(Records drawn from a dataset)

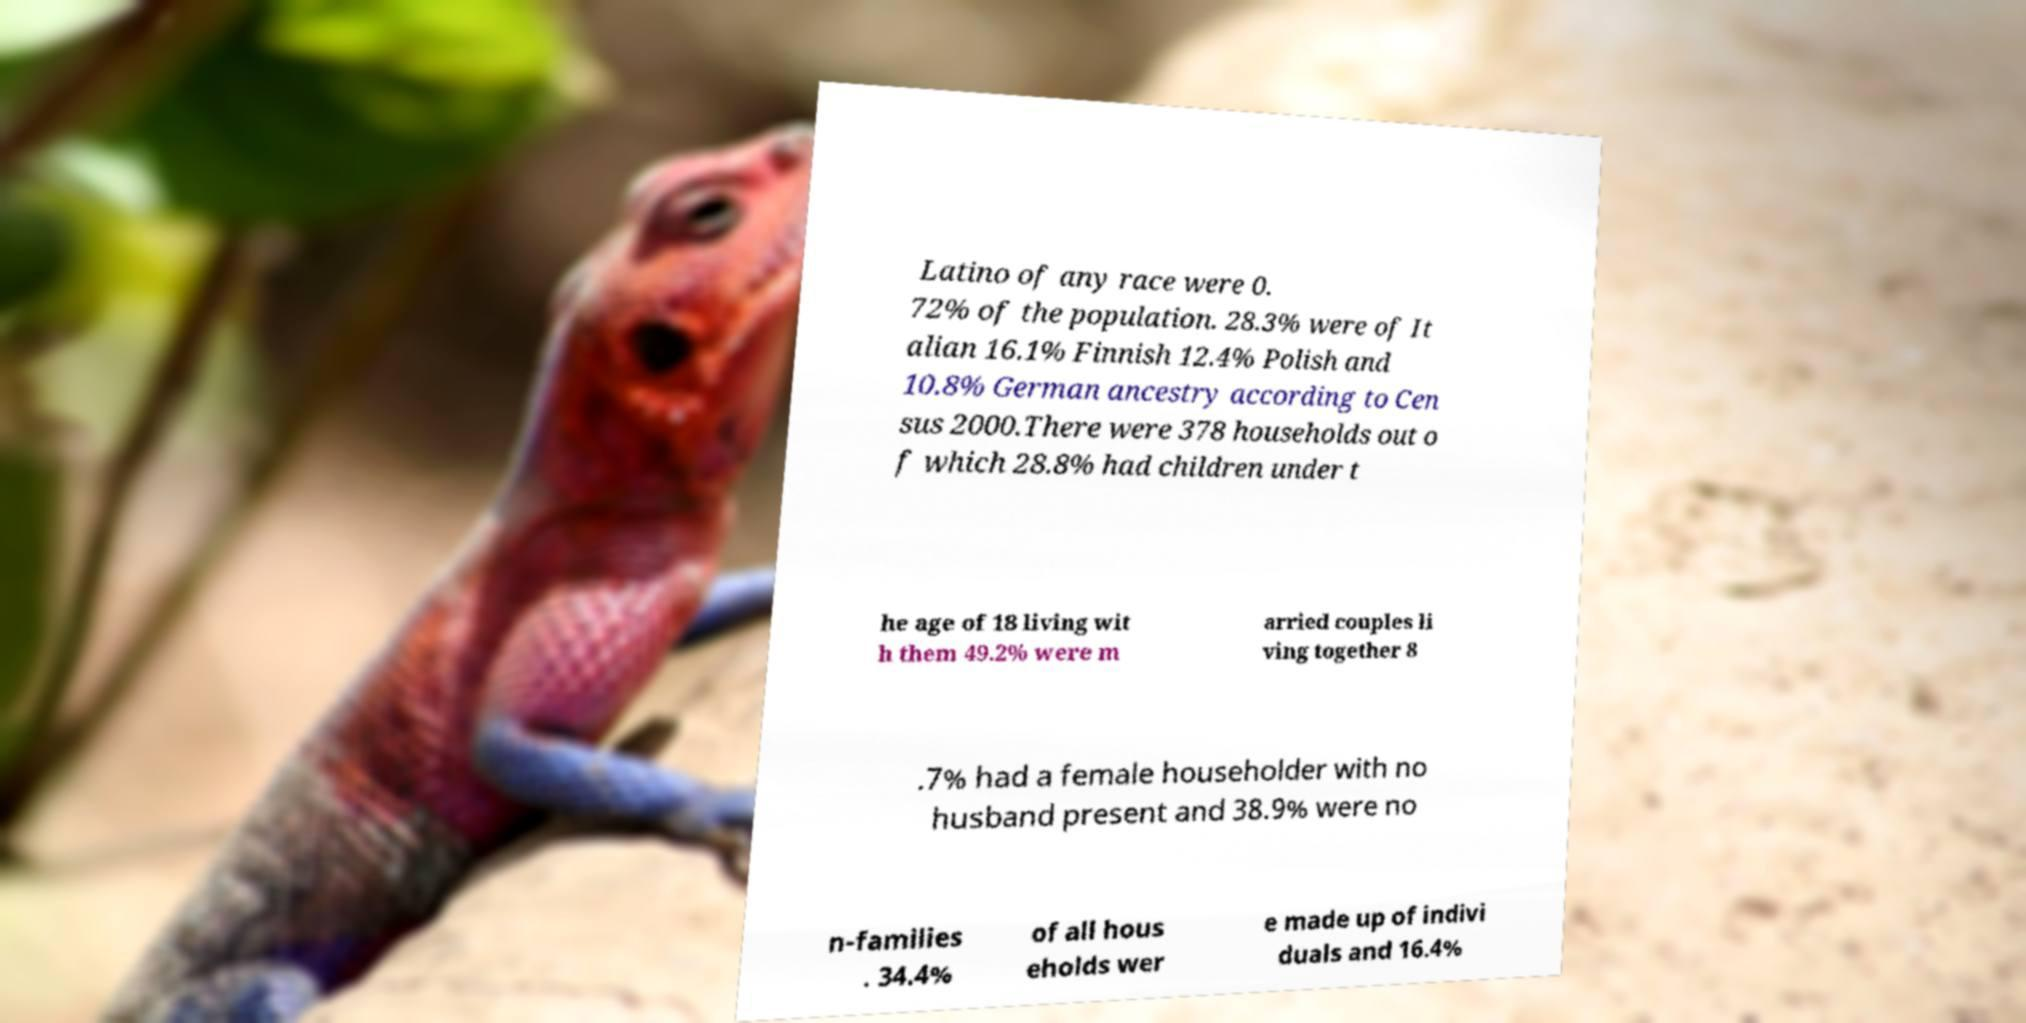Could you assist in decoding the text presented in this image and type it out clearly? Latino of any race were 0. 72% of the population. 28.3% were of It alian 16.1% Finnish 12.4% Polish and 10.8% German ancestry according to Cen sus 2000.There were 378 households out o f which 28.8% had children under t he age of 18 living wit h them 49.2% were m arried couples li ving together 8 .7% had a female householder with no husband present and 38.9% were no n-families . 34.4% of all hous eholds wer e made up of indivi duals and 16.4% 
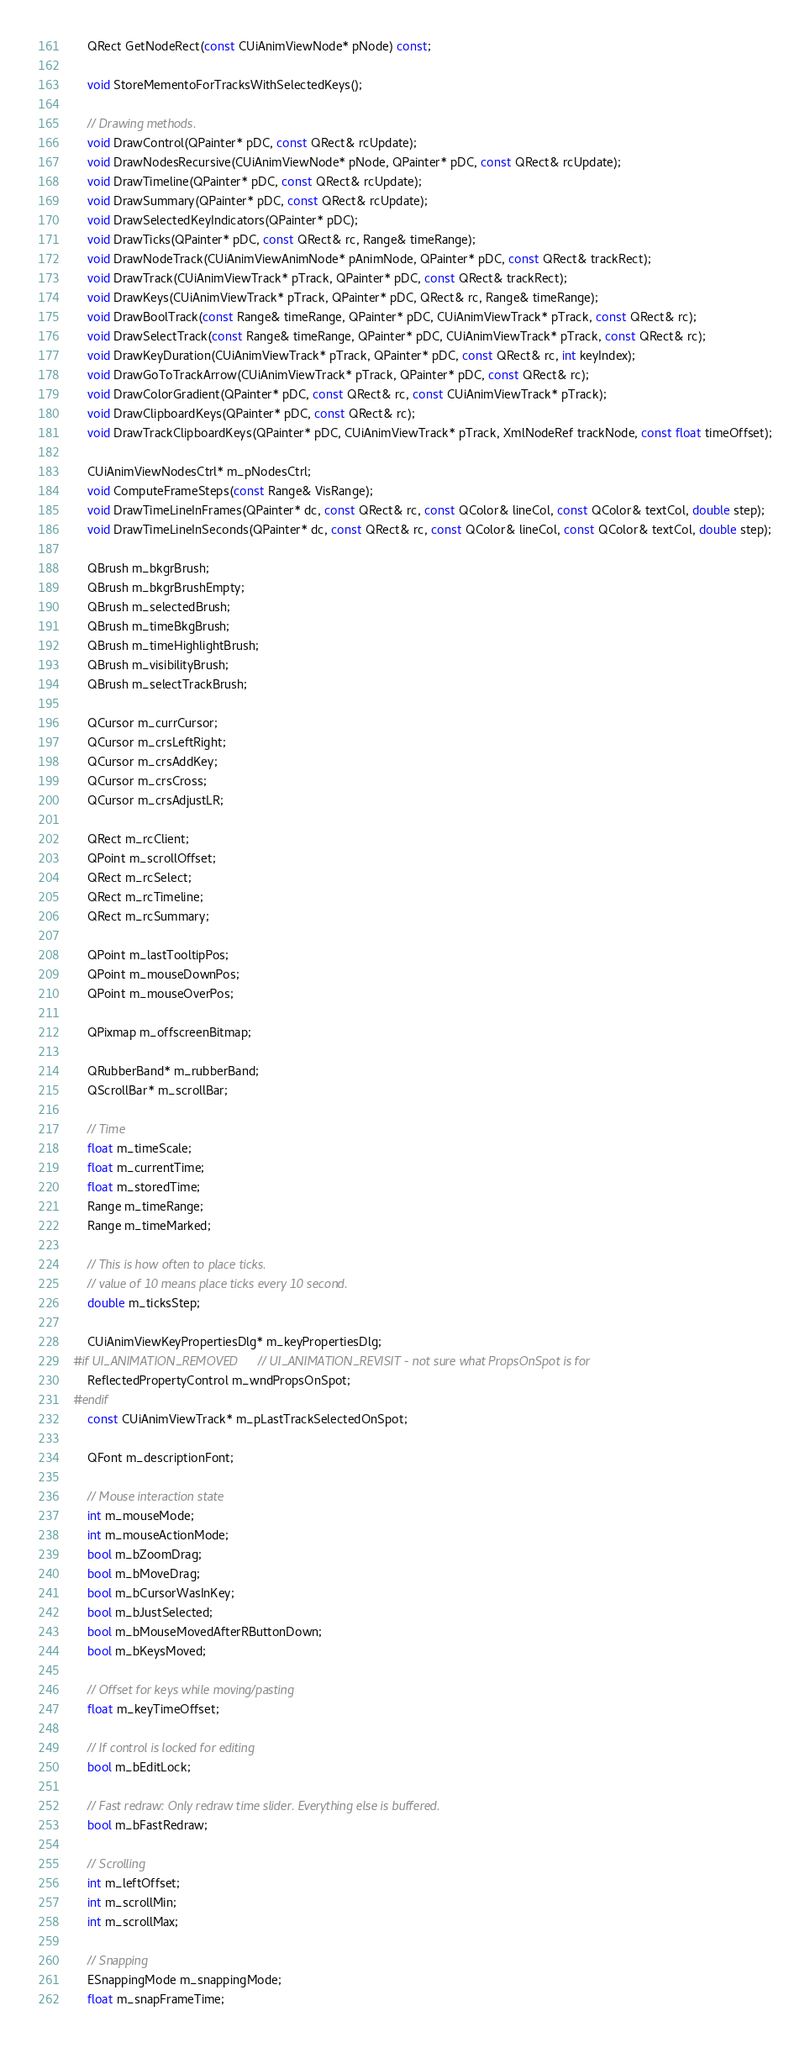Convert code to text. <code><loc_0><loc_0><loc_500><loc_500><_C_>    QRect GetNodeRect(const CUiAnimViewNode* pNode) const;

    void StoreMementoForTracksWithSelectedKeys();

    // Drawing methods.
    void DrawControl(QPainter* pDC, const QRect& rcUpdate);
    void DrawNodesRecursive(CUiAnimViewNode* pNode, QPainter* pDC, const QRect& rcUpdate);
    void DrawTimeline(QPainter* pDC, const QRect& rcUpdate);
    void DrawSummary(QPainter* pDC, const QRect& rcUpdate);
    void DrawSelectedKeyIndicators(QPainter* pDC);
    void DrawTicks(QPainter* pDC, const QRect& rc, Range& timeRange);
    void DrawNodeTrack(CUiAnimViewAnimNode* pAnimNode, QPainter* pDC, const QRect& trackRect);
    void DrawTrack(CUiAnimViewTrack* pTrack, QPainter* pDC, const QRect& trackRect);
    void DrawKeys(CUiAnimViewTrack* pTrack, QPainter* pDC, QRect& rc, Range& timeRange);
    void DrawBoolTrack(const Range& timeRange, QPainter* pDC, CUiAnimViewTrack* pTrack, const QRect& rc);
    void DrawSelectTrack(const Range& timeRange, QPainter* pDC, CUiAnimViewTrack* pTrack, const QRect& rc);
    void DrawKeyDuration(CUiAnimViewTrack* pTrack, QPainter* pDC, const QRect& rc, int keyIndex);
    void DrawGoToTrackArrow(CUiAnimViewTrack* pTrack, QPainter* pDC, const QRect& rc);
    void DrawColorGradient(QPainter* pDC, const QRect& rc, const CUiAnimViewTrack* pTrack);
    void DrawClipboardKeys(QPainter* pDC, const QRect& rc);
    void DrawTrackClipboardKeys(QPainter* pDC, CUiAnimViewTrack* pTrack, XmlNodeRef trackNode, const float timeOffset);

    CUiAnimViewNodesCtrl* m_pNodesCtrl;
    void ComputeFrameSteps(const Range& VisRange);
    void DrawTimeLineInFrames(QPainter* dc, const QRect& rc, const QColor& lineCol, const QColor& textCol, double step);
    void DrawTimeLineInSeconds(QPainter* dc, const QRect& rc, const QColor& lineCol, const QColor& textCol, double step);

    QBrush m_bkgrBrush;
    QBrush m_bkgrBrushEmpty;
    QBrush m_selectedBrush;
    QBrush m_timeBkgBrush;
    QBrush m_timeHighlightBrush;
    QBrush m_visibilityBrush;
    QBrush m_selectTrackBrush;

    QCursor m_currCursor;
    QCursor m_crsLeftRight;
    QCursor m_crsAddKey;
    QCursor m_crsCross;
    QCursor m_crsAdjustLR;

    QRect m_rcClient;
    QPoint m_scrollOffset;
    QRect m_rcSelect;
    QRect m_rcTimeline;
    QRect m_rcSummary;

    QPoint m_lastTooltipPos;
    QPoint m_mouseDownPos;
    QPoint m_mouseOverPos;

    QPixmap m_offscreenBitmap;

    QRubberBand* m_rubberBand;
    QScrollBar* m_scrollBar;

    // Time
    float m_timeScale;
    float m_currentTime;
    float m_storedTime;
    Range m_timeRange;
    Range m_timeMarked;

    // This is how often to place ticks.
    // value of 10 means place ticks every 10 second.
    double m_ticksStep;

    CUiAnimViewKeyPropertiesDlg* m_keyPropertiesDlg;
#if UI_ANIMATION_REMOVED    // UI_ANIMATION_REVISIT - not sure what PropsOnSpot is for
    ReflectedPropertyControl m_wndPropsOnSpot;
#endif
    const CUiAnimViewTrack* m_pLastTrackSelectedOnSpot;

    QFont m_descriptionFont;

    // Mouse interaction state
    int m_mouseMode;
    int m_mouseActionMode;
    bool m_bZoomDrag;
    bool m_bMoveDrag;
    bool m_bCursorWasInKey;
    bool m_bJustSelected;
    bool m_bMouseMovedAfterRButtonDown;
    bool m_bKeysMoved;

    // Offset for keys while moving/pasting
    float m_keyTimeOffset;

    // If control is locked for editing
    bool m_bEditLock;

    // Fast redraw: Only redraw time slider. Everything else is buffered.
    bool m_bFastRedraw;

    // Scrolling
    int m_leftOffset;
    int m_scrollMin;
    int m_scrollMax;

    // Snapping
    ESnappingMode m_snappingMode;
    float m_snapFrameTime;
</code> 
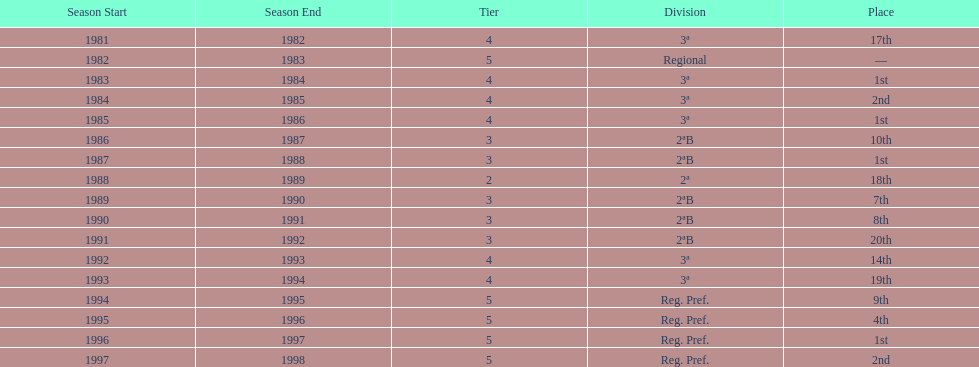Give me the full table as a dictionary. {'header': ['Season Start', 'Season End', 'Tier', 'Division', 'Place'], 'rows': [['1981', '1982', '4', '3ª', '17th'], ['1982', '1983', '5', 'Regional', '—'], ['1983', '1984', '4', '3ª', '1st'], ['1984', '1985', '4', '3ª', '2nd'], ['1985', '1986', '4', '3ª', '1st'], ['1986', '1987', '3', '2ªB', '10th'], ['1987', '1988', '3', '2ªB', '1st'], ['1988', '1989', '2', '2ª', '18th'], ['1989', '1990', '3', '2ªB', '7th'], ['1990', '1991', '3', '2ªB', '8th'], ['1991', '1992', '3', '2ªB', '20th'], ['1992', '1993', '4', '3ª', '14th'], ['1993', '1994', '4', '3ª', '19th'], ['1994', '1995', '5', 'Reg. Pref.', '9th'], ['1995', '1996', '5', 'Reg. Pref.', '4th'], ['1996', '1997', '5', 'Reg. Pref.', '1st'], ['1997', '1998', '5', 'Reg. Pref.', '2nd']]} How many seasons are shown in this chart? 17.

• **Exercise brief**
Identify all lines in the records above with the word "double".

• **Your response**
    void DrawTimeLineInFrames(QPainter* dc, const QRect& rc, const QColor& lineCol, const QColor& textCol, double step);
    void DrawTimeLineInSeconds(QPainter* dc, const QRect& rc, const QColor& lineCol, const QColor& textCol, double step);
    double m_ticksStep;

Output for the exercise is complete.